What the task asks ::
Before you return the lines below, strip out any images and keep every word as written.
=== Source material ===
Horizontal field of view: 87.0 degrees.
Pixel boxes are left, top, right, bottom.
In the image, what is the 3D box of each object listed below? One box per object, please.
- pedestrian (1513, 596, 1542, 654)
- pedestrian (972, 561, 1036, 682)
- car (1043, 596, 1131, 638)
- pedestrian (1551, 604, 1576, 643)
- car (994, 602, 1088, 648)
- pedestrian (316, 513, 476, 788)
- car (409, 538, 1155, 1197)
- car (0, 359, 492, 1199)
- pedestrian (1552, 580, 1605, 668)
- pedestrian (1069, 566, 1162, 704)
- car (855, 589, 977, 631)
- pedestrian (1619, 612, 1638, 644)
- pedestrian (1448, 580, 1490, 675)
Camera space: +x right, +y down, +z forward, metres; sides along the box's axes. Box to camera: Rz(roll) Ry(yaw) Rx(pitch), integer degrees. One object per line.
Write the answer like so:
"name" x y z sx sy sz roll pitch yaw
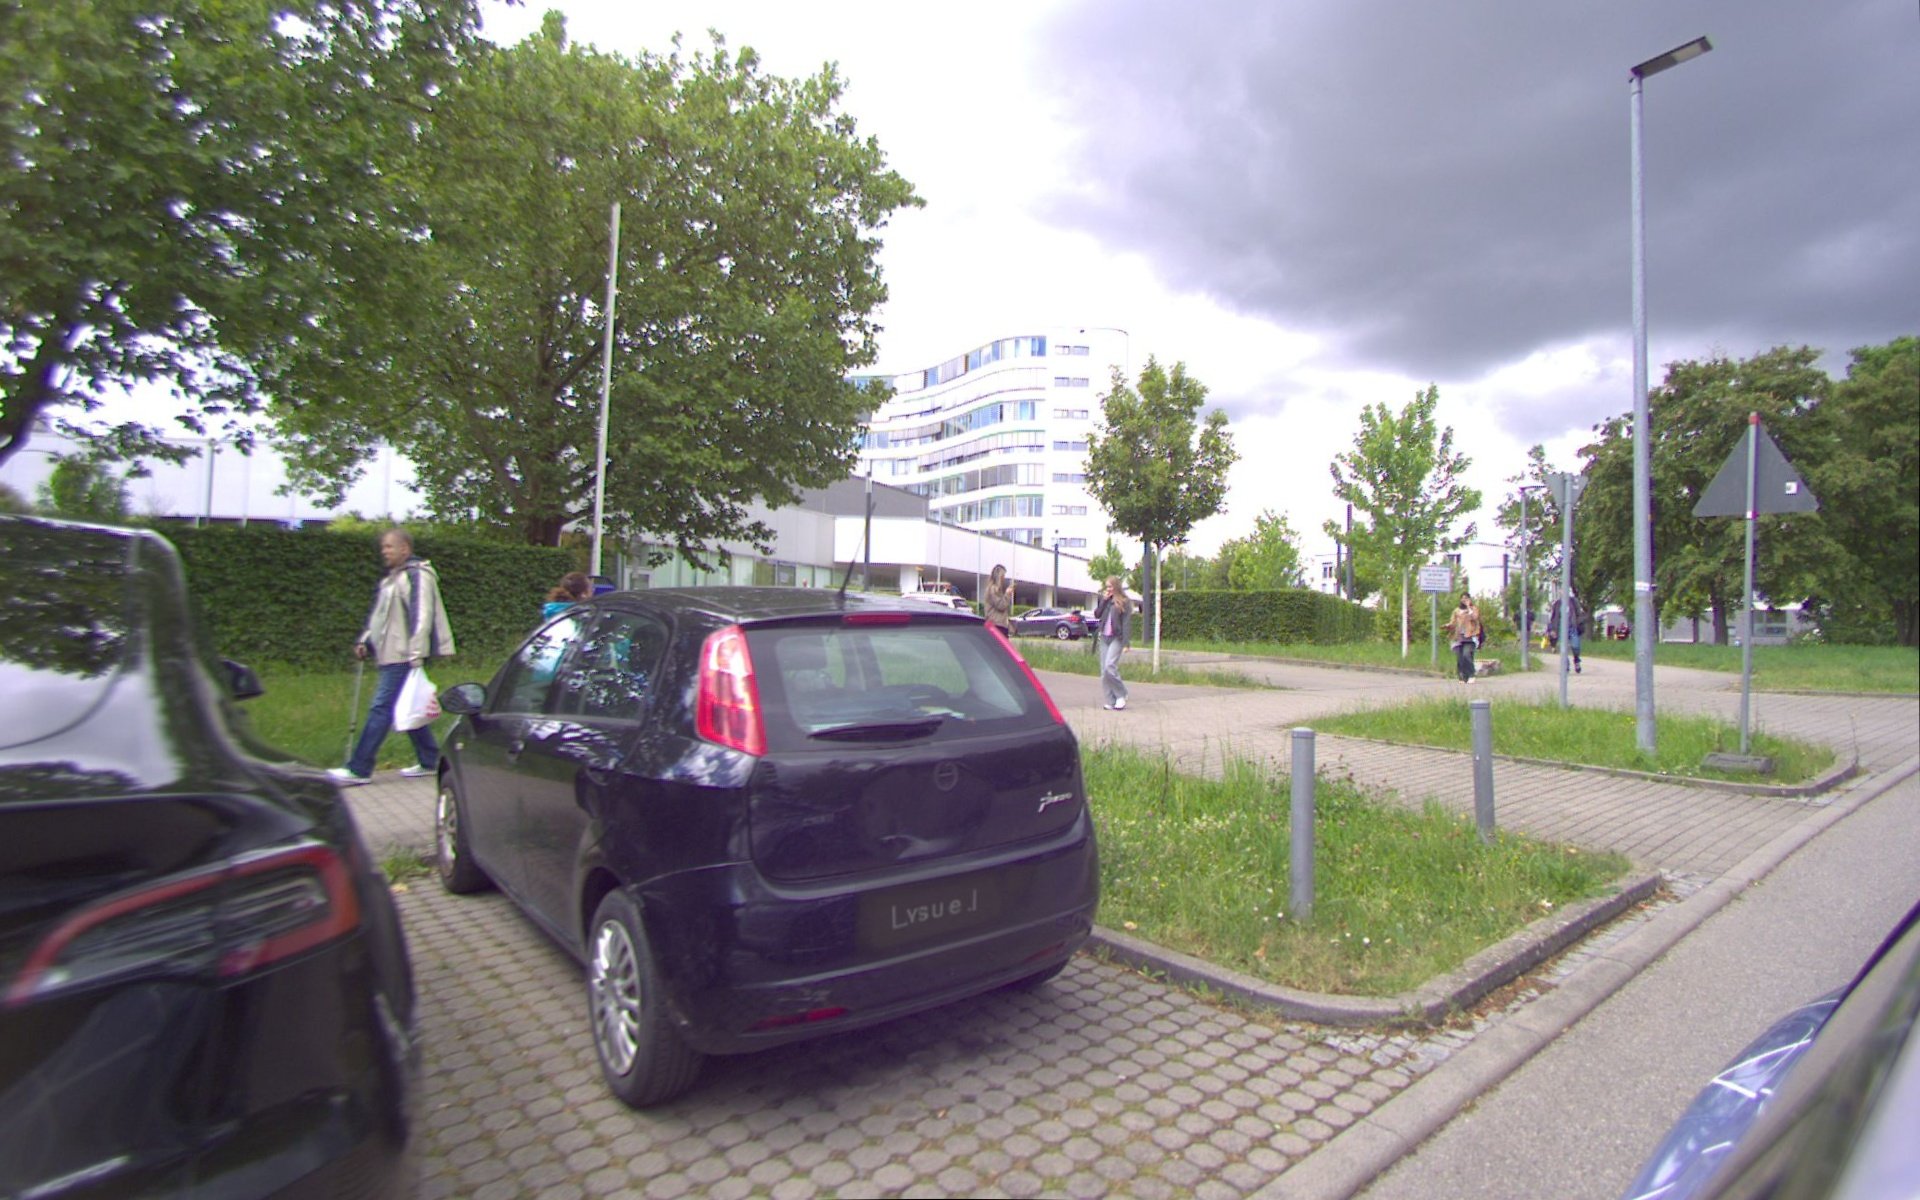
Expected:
"pedestrian" 16.515 0.732 29.469 0.630 1.665 0.599 -1 -1 22
"pedestrian" 0.642 0.314 14.931 0.692 1.733 0.656 1 -2 -33
"car" 6.371 0.850 50.943 3.965 2.039 1.979 -1 -1 30
"pedestrian" 25.619 0.977 42.958 0.654 1.627 0.676 1 -2 -32
"car" 3.749 1.124 46.837 3.958 2.039 1.983 0 -1 25
"pedestrian" -4.068 0.341 7.301 0.862 1.816 0.832 1 -2 -39
"car" -1.109 0.618 4.301 1.615 1.517 3.680 1 0 -37
"car" -2.277 0.576 2.166 1.564 1.594 3.680 -1 0 -37
"pedestrian" 12.563 0.489 20.576 0.753 1.744 0.880 0 -1 21
"pedestrian" 1.929 0.426 12.586 0.913 1.642 0.690 1 -2 -30
"car" -1.571 0.358 35.690 4.083 1.408 1.691 0 -1 30
"pedestrian" 30.607 1.284 46.344 0.670 1.433 0.660 -1 -2 30
"pedestrian" 9.331 0.502 18.577 0.645 1.690 0.890 -1 -1 25
===
Written answer ::
Horizontal field of view: 87.0 degrees.
Pixel boxes are left, top, right, bottom.
In the image, what is the 3D box of each object listed below? One box per object, please.
- pedestrian (1513, 596, 1542, 654)
- pedestrian (972, 561, 1036, 682)
- car (1043, 596, 1131, 638)
- pedestrian (1551, 604, 1576, 643)
- car (994, 602, 1088, 648)
- pedestrian (316, 513, 476, 788)
- car (409, 538, 1155, 1197)
- car (0, 359, 492, 1199)
- pedestrian (1552, 580, 1605, 668)
- pedestrian (1069, 566, 1162, 704)
- car (855, 589, 977, 631)
- pedestrian (1619, 612, 1638, 644)
- pedestrian (1448, 580, 1490, 675)
Camera space: +x right, +y down, +z forward, metres; sides along the box's axes. Box to camera: Rz(roll) Ry(yaw) Rx(pitch), integer degrees. One object per line.
Write the answer like so:
"name" x y z sx sy sz roll pitch yaw
Expected:
"pedestrian" 16.515 0.732 29.469 0.630 1.665 0.599 -1 -1 22
"pedestrian" 0.642 0.314 14.931 0.692 1.733 0.656 1 -2 -33
"car" 6.371 0.850 50.943 3.965 2.039 1.979 -1 -1 30
"pedestrian" 25.619 0.977 42.958 0.654 1.627 0.676 1 -2 -32
"car" 3.749 1.124 46.837 3.958 2.039 1.983 0 -1 25
"pedestrian" -4.068 0.341 7.301 0.862 1.816 0.832 1 -2 -39
"car" -1.109 0.618 4.301 1.615 1.517 3.680 1 0 -37
"car" -2.277 0.576 2.166 1.564 1.594 3.680 -1 0 -37
"pedestrian" 12.563 0.489 20.576 0.753 1.744 0.880 0 -1 21
"pedestrian" 1.929 0.426 12.586 0.913 1.642 0.690 1 -2 -30
"car" -1.571 0.358 35.690 4.083 1.408 1.691 0 -1 30
"pedestrian" 30.607 1.284 46.344 0.670 1.433 0.660 -1 -2 30
"pedestrian" 9.331 0.502 18.577 0.645 1.690 0.890 -1 -1 25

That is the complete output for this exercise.